[Info-vax] VMS documentation, was: Re: Special deals on Tape Drives
Simon Clubley
clubley at remove_me.eisner.decus.org-Earth.UFP
Mon Mar 14 14:48:50 EDT 2022
On 2022-03-12, Arne Vajhøj <arne at vajhoej.dk> wrote:
> On 3/12/2022 1:53 PM, Simon Clubley wrote:
>> as well as the fact the documentation needs to be
>> written at a lower level than with the Unix documentation to deal with
>> all the exposed structures that in Unix are hidden behind call interfaces,
>> C structs, etc.
>
> There is nothing low level in sending over complex structures instead
> of simple data types.
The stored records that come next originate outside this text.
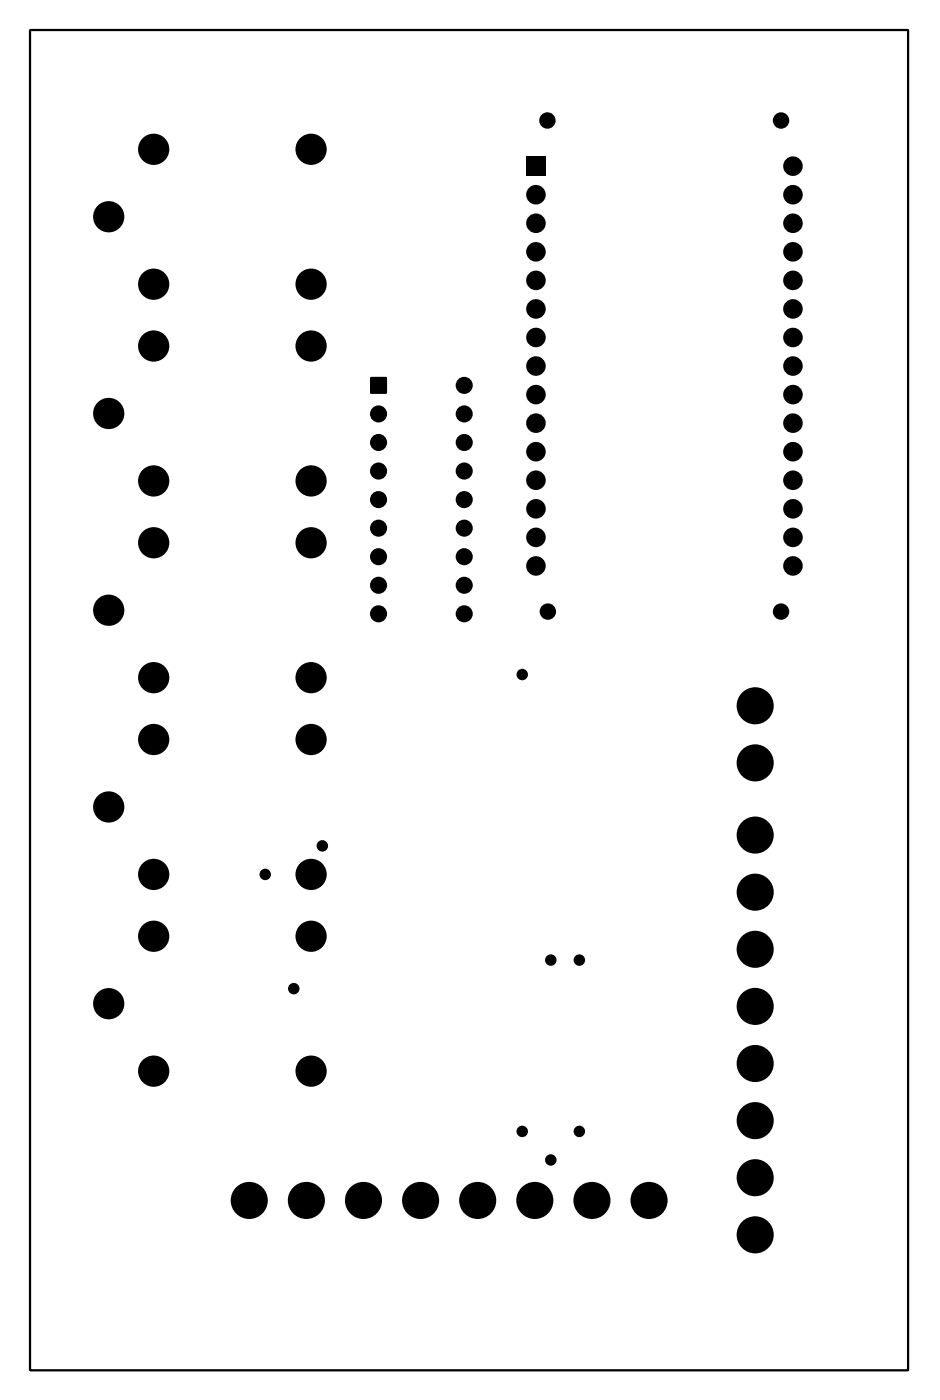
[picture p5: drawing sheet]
<svg xmlns="http://www.w3.org/2000/svg" width="84mm" height="125mm" viewBox="0 0 84 125" stroke-linecap="round" stroke-linejoin="round" font-family="sans-serif">
<g fill="#000">
<path d="M46.8 13.9h1.7v1.8h-1.7z" fill-rule="evenodd"/>
<path d="M32.9 33.5h1.5v1.5h-1.5z" fill-rule="evenodd"/>
<circle cx="9.7" cy="19.3" r="1.39"/>
<circle cx="13.7" cy="13.3" r="1.39"/>
<circle cx="27.7" cy="13.3" r="1.39"/>
<circle cx="47.7" cy="17.3" r=".87"/>
<circle cx="47.7" cy="19.9" r=".87"/>
<circle cx="48.7" cy="10.7" r=".73"/>
<circle cx="69.5" cy="10.7" r=".73"/>
<circle cx="70.5" cy="19.9" r=".87"/>
<circle cx="70.5" cy="17.3" r=".87"/>
<circle cx="70.5" cy="14.8" r=".87"/>
<circle cx="9.7" cy="36.8" r="1.39"/>
<circle cx="13.7" cy="30.8" r="1.39"/>
<circle cx="13.7" cy="25.3" r="1.39"/>
<circle cx="27.7" cy="30.8" r="1.39"/>
<circle cx="27.7" cy="25.3" r="1.39"/>
<circle cx="33.7" cy="36.8" r=".76"/>
<circle cx="33.7" cy="39.4" r=".76"/>
<circle cx="41.3" cy="39.4" r=".76"/>
<circle cx="41.3" cy="34.3" r=".76"/>
<circle cx="41.3" cy="36.8" r=".76"/>
<circle cx="47.7" cy="22.4" r=".87"/>
<circle cx="47.7" cy="30" r=".87"/>
<circle cx="47.7" cy="35.1" r=".87"/>
<circle cx="47.7" cy="37.6" r=".87"/>
<circle cx="47.7" cy="24.9" r=".87"/>
<circle cx="47.7" cy="32.6" r=".87"/>
<circle cx="47.7" cy="27.5" r=".87"/>
<circle cx="70.5" cy="37.6" r=".87"/>
<circle cx="70.5" cy="22.4" r=".87"/>
<circle cx="70.5" cy="30" r=".87"/>
<circle cx="70.5" cy="35.1" r=".87"/>
<circle cx="70.5" cy="32.6" r=".87"/>
<circle cx="70.5" cy="27.5" r=".87"/>
<circle cx="70.5" cy="24.9" r=".87"/>
<circle cx="9.7" cy="54.3" r="1.39"/>
<circle cx="13.7" cy="42.8" r="1.39"/>
<circle cx="13.7" cy="48.3" r="1.39"/>
<circle cx="27.7" cy="48.3" r="1.39"/>
<circle cx="27.7" cy="42.8" r="1.39"/>
<circle cx="33.7" cy="41.9" r=".76"/>
<circle cx="33.7" cy="52.1" r=".76"/>
<circle cx="33.7" cy="44.4" r=".76"/>
<circle cx="33.7" cy="47" r=".76"/>
<circle cx="33.7" cy="49.5" r=".76"/>
<circle cx="33.7" cy="54.6" r=".76"/>
<circle cx="41.3" cy="49.5" r=".76"/>
<circle cx="41.3" cy="44.4" r=".76"/>
<circle cx="41.3" cy="52.1" r=".76"/>
<circle cx="41.3" cy="41.9" r=".76"/>
<circle cx="41.3" cy="54.6" r=".76"/>
<circle cx="41.3" cy="47" r=".76"/>
<circle cx="46.4" cy="60" r=".51"/>
<circle cx="47.7" cy="45.3" r=".87"/>
<circle cx="47.7" cy="42.7" r=".87"/>
<circle cx="47.7" cy="50.3" r=".87"/>
<circle cx="47.7" cy="40.2" r=".87"/>
<circle cx="47.7" cy="47.8" r=".87"/>
<circle cx="48.7" cy="54.4" r=".73"/>
<circle cx="69.5" cy="54.4" r=".73"/>
<circle cx="70.5" cy="40.2" r=".87"/>
<circle cx="70.5" cy="50.3" r=".87"/>
<circle cx="70.5" cy="47.8" r=".87"/>
<circle cx="70.5" cy="45.3" r=".87"/>
<circle cx="70.5" cy="42.7" r=".87"/>
<circle cx="9.7" cy="71.8" r="1.39"/>
<circle cx="13.7" cy="60.3" r="1.39"/>
<circle cx="13.7" cy="65.8" r="1.39"/>
<circle cx="13.7" cy="77.8" r="1.39"/>
<circle cx="23.6" cy="77.8" r=".51"/>
<circle cx="27.7" cy="60.3" r="1.39"/>
<circle cx="27.7" cy="65.8" r="1.39"/>
<circle cx="27.7" cy="77.8" r="1.39"/>
<circle cx="28.7" cy="75.2" r=".51"/>
<circle cx="67.2" cy="79.4" r="1.65"/>
<circle cx="67.2" cy="67.9" r="1.65"/>
<circle cx="67.2" cy="74.3" r="1.65"/>
<circle cx="67.2" cy="62.8" r="1.65"/>
<circle cx="9.7" cy="89.3" r="1.39"/>
<circle cx="13.7" cy="95.3" r="1.39"/>
<circle cx="13.7" cy="83.3" r="1.39"/>
<circle cx="26.1" cy="87.9" r=".51"/>
<circle cx="27.7" cy="95.3" r="1.39"/>
<circle cx="27.7" cy="83.3" r="1.39"/>
<circle cx="49" cy="85.4" r=".51"/>
<circle cx="51.5" cy="85.4" r=".51"/>
<circle cx="67.2" cy="94.6" r="1.65"/>
<circle cx="67.2" cy="89.5" r="1.65"/>
<circle cx="67.2" cy="84.4" r="1.65"/>
<circle cx="67.2" cy="99.7" r="1.65"/>
<circle cx="22.2" cy="106.8" r="1.65"/>
<circle cx="27.2" cy="106.8" r="1.65"/>
<circle cx="32.3" cy="106.8" r="1.65"/>
<circle cx="37.4" cy="106.8" r="1.65"/>
<circle cx="42.5" cy="106.8" r="1.65"/>
<circle cx="46.4" cy="100.6" r=".51"/>
<circle cx="47.6" cy="106.8" r="1.65"/>
<circle cx="49" cy="103.2" r=".51"/>
<circle cx="51.5" cy="100.6" r=".51"/>
<circle cx="52.6" cy="106.8" r="1.65"/>
<circle cx="57.7" cy="106.8" r="1.65"/>
<circle cx="67.2" cy="104.8" r="1.65"/>
<circle cx="67.2" cy="109.8" r="1.65"/>
</g>
<path d="M2.7 2.7h78.1v119.2h-78.1z" fill="none" stroke="#000" stroke-width=".2"/>
</svg>

Almost all modern API's does that (it is just
> called an object!).
>
RMS, Arne, RMS. In any sane environment, that's how it would be implemented
behind the scenes in a OO language or behind a subroutine interface in C
instead of being something that the user would have to directly manipulate.
Also itemlists and having to specify every bit of information you want
along with where to store it, instead of just returning an object (or a
struct) containing all available fields and your program just referencing
what it needs.
Also, in Unix (thanks to C being the lowest supported language), pointers
are an abstraction that the compiler deals with behind the scenes for you
when it comes time to store them away and pass them around. In VMS,
traditional pointers are an unabstracted and direcly exposed longword
field that cannot just be automatically resized by passing "-m64" or
similar on the compiler command line.
Just some examples off the top of my head.
Simon.
--
Simon Clubley, clubley at remove_me.eisner.decus.org-Earth.UFP
Walking destinations on a map are further away than they appear.